Behandlung von Knochenmarkversagen310

Die Behandlung hängt von der zugrundeliegenden Ursache und dem Grad des Knochenmarkversagens ab. Sie wird von spezialisierten Hämatologen durchgeführt.

Transplantate

Die endgültige Behandlung bei vererbtem Knochenmarkversagen und bei einigen erworbenen Ursachen ist die Knochenmarktransplantation. Die Verbesserung der Ergebnisse ist zum Teil auf eine bessere HLA-Gewebetypisierung zurückzuführen, die es ermöglicht, besser passende Spender zu identifizieren. Die hämatopoetische Stammzelltransplantation mit Fludarabin-basierten Protokollen hat die Ergebnisse deutlich verbessert, insbesondere bei Patienten mit Fanconi-Anämie.11

Transfusionen

Es können Transfusionen von Blut oder bestimmten Blutbestandteilen wie Blutplättchen erforderlich sein.

Pharmakologische

  • Eine febrile Neutropenie ist ein medizinischer Notfall und kann eine aggressive antibiotische Behandlung erfordern. In einigen Fällen können prophylaktische Antibiotika/Antimykotika/Antiviren erforderlich sein.
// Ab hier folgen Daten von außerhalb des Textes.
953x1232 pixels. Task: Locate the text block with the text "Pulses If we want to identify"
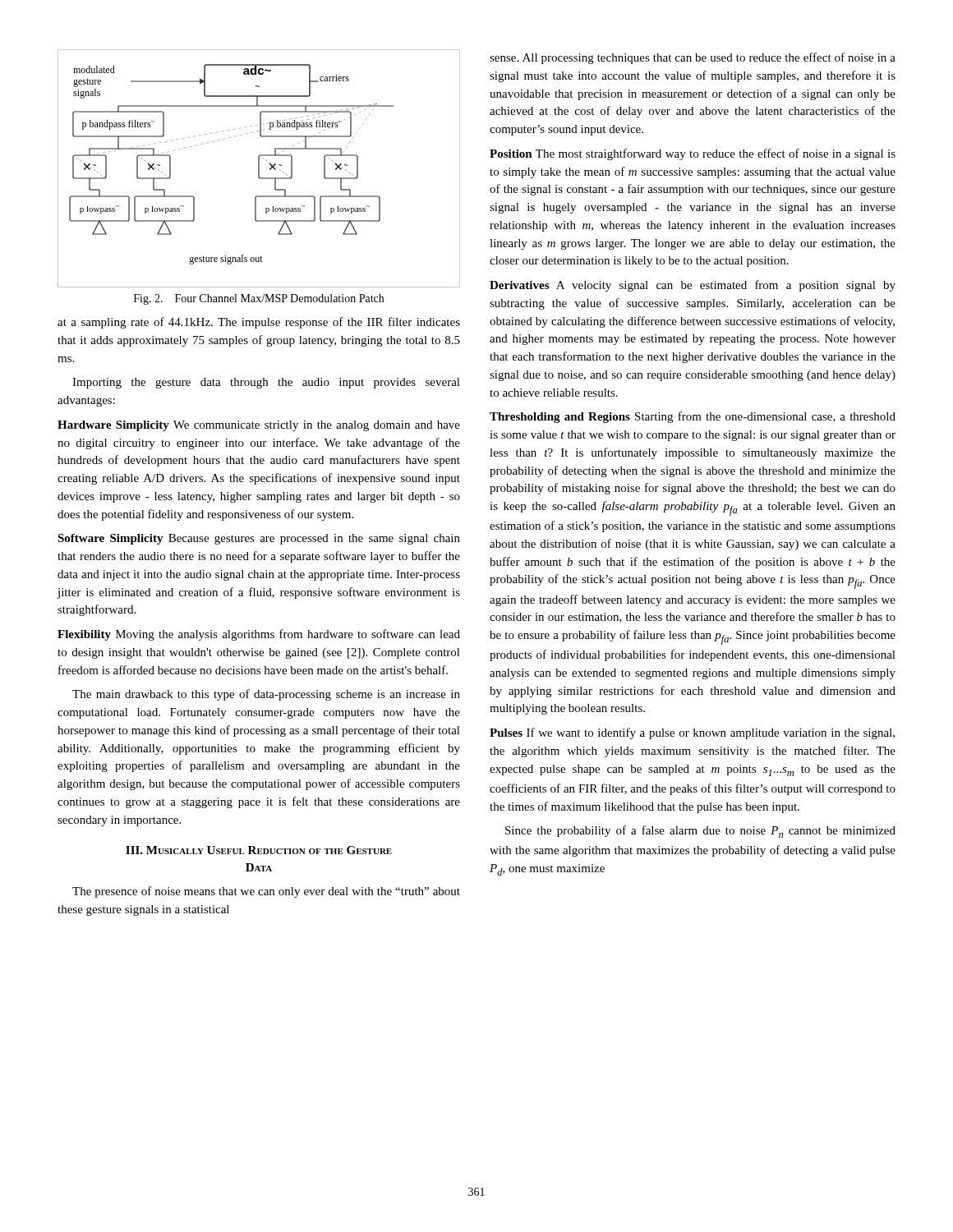click(693, 769)
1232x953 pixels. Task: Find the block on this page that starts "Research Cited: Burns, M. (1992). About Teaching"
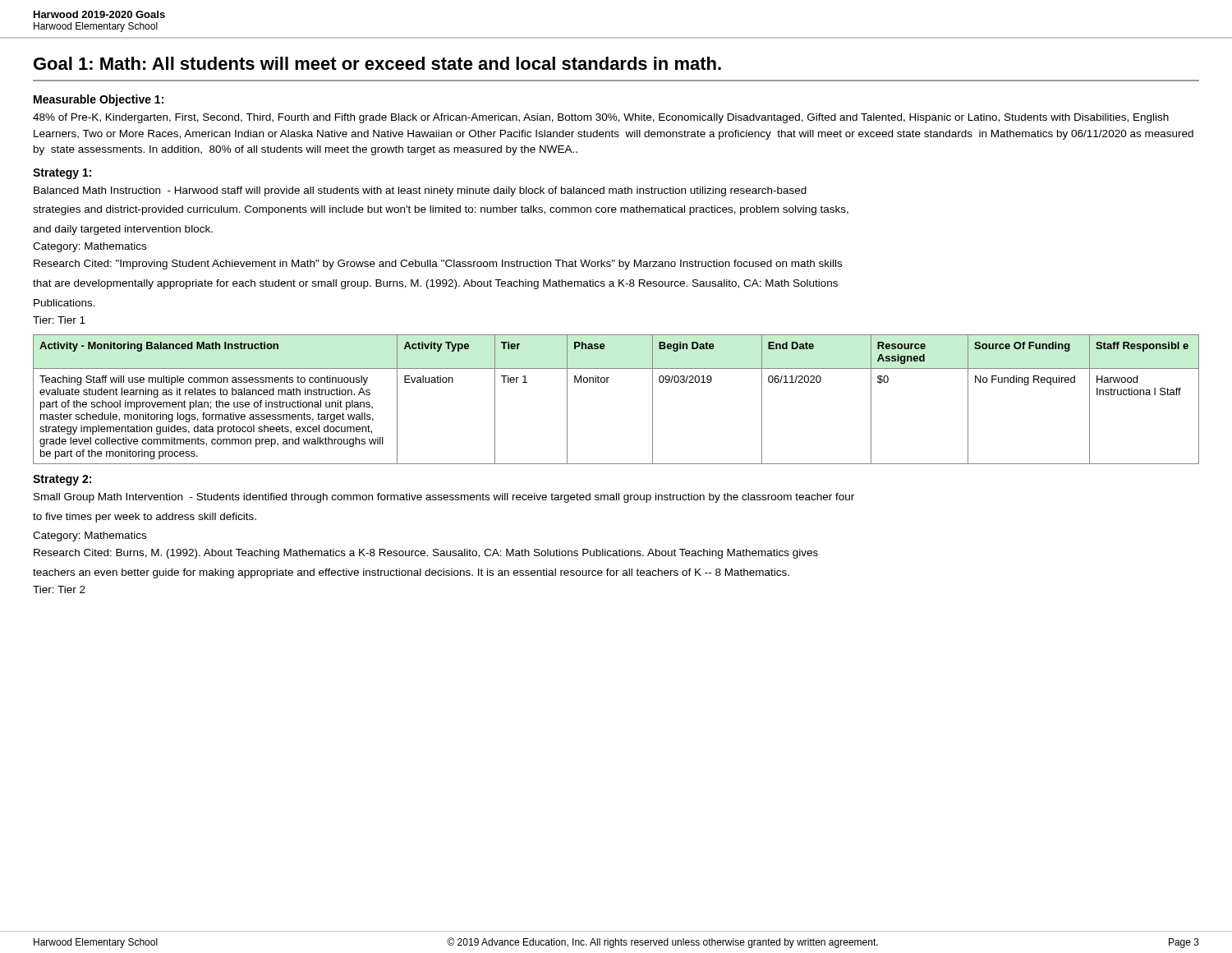[616, 563]

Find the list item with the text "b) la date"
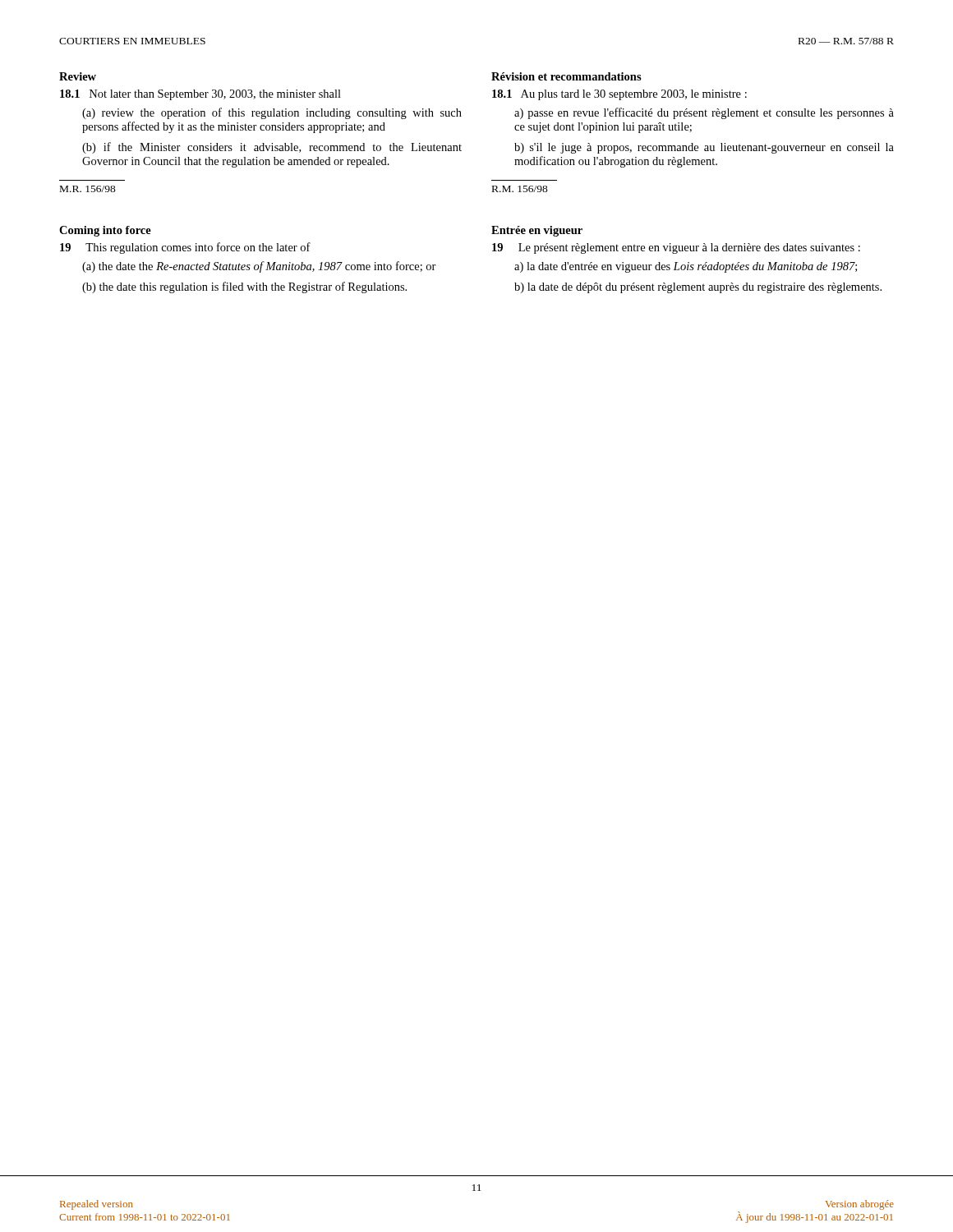pyautogui.click(x=698, y=287)

  • Immunsuppression: Wenn eine Transplantation nicht in Frage kommt, wird eine intensive immunsuppressive Therapie durchgeführt. Als Goldstandard für schwere aplastische Anämie, die für eine allogene Transplantation nicht in Frage kommt, gelten Antithymozytenglobulin (ATG) und Ciclosporin.5

  • Androgene werden bei einigen erblichen Syndromen wie der Fanconi-Anämie und der Dyskeratosis congenita eingesetzt.

  • Kortikosteroide spielen bei einigen vererbten Syndromen oder in Kombination mit anderen immunsuppressiven Mitteln eine Rolle.

Die Genzelltherapie könnte in Zukunft eine Option für die Behandlung von vererbten Knochenmarkssyndromen sein.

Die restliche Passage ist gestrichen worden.